**WHAT IS EXPECTED:**
Tally the lines of the records below that include the word "LookupError", and write down only that tally.

*** Opening of INPUT FOR THIS TASK ***

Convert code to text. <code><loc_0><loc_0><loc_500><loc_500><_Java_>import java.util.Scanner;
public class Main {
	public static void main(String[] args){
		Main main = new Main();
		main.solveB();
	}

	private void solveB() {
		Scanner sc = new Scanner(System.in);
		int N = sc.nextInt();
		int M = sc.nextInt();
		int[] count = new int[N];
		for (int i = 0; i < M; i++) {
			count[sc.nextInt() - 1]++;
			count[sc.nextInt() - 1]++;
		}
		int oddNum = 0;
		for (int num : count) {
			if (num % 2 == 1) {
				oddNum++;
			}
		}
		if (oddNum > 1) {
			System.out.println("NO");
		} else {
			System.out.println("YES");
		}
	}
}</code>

*** Close of INPUT FOR THIS TASK ***
*** Opening of INPUT FOR THIS TASK ***

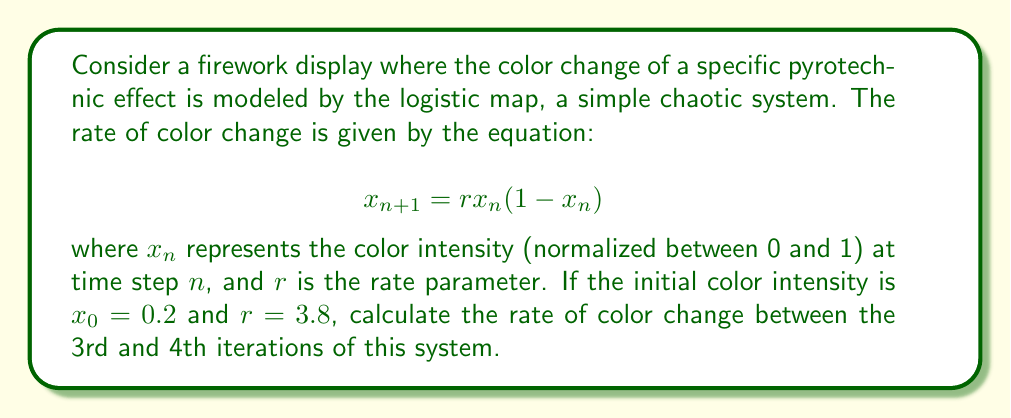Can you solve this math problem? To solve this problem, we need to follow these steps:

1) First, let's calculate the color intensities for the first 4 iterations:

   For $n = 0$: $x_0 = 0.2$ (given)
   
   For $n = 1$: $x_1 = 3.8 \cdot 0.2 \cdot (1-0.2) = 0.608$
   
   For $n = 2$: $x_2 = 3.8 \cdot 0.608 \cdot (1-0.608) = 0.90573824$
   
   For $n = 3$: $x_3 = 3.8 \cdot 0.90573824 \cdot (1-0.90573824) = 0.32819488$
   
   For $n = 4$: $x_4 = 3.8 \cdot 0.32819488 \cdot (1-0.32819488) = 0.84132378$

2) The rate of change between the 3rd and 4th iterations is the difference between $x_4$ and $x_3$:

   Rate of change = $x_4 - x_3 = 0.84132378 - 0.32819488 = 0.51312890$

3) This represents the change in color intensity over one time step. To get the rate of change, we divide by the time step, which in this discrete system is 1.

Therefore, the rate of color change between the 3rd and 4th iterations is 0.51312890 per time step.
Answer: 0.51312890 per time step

*** Close of INPUT FOR THIS TASK ***
*** Opening of INPUT FOR THIS TASK ***

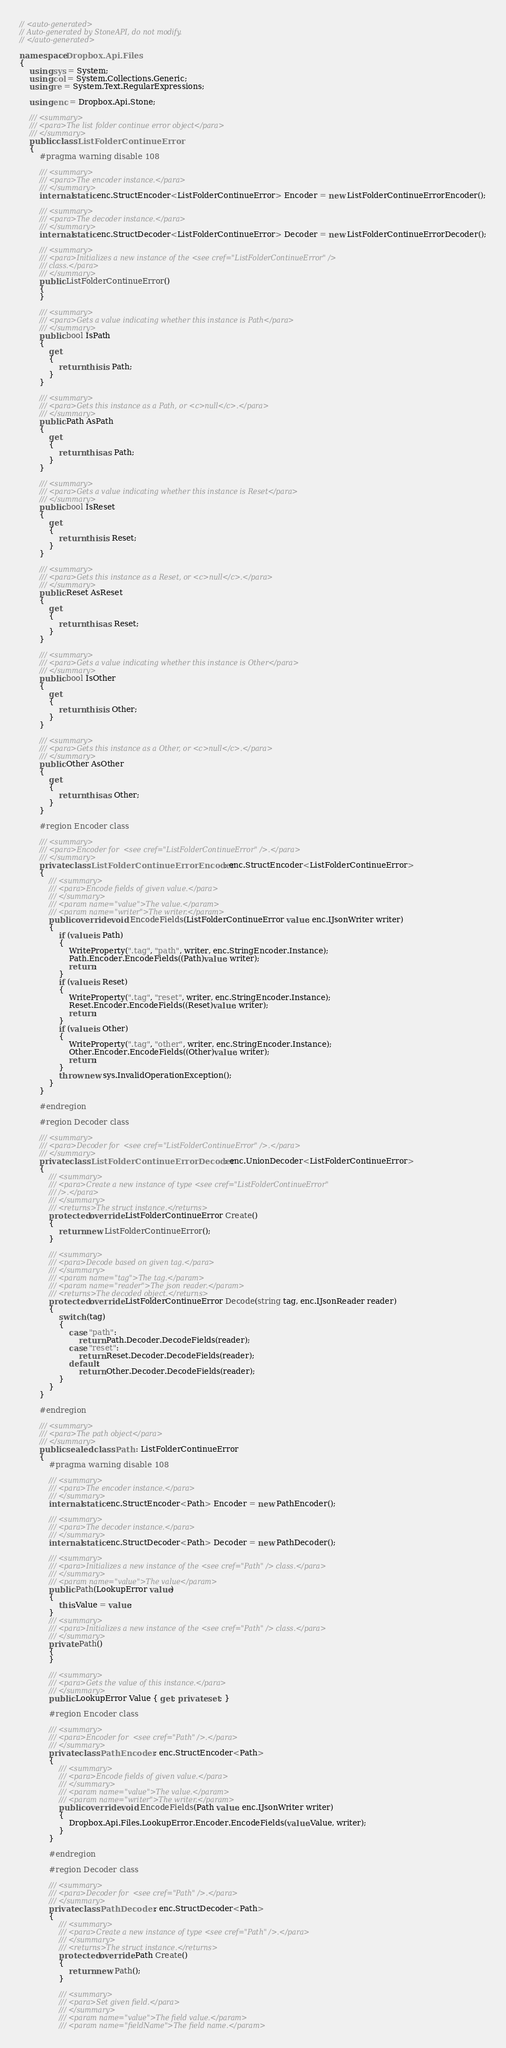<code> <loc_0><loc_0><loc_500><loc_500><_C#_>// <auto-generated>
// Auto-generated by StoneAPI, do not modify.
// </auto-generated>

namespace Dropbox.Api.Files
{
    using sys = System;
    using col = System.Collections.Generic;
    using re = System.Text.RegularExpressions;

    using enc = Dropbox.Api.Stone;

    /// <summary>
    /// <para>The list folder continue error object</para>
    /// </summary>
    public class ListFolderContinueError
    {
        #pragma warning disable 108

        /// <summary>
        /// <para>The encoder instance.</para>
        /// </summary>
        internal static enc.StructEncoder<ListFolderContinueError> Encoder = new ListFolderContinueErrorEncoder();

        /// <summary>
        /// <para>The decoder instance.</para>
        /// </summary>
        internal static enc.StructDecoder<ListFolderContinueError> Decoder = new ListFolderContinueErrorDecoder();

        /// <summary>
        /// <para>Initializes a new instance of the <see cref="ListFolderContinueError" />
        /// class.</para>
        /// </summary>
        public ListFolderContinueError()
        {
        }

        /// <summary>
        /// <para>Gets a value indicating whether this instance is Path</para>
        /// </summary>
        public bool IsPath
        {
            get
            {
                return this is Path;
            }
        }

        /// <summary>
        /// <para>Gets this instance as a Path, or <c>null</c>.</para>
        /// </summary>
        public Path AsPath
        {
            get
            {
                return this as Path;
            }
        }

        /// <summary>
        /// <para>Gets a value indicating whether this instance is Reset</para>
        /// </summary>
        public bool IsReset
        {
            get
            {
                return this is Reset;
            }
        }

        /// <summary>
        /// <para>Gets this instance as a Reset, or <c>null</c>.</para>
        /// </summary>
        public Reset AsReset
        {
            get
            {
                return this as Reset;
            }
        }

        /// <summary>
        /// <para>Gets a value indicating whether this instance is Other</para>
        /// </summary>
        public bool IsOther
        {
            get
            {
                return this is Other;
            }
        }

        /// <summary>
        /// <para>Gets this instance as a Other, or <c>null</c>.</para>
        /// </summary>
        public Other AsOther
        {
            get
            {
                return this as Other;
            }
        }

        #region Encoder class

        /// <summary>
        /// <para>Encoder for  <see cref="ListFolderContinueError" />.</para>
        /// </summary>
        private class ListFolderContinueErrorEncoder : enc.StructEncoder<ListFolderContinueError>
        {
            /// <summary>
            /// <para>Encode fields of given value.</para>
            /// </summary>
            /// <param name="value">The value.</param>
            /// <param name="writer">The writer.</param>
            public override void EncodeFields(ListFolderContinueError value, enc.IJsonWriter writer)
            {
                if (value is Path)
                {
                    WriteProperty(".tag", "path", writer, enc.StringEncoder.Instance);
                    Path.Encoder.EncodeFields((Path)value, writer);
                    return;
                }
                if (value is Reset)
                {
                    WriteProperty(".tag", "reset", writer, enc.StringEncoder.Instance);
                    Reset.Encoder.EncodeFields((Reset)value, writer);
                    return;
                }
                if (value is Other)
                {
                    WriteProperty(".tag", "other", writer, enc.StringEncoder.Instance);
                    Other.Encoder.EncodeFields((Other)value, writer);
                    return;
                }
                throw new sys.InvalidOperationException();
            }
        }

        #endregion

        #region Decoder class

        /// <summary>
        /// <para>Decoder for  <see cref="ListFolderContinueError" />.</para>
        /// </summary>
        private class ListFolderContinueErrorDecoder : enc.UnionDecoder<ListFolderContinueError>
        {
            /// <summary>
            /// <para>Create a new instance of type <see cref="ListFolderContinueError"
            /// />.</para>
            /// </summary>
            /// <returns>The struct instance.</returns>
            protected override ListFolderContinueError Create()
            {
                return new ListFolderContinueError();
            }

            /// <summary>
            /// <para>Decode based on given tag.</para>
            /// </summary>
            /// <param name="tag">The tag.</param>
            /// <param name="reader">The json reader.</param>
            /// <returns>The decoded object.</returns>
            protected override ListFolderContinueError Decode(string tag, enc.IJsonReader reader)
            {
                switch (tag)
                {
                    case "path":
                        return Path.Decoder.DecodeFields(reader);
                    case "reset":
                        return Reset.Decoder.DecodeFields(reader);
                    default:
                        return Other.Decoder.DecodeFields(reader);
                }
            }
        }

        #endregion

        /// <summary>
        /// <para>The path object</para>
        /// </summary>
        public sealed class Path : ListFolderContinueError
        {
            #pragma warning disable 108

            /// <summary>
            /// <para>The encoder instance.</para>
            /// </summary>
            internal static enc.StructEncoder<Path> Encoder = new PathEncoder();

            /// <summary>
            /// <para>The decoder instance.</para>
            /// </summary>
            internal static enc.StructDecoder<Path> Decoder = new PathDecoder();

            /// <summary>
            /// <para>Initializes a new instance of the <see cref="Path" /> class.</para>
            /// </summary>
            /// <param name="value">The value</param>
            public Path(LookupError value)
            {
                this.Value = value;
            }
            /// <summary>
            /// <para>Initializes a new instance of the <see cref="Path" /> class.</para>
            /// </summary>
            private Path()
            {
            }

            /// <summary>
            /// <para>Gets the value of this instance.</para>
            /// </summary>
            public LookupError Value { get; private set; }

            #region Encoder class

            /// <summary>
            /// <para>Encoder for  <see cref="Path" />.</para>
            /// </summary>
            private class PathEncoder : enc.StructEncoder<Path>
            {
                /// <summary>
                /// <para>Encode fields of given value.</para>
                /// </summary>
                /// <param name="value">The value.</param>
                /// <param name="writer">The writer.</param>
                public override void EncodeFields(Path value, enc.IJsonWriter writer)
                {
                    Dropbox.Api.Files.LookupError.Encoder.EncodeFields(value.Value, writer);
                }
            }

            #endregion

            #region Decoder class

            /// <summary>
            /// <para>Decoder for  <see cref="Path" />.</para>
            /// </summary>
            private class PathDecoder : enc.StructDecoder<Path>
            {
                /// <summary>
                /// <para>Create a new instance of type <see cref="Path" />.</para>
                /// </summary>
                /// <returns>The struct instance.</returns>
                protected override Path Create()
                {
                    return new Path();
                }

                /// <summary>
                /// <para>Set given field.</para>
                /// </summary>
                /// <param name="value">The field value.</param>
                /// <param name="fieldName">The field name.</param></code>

*** Close of INPUT FOR THIS TASK ***

**ANSWER FOR THIS EXERCISE:**
3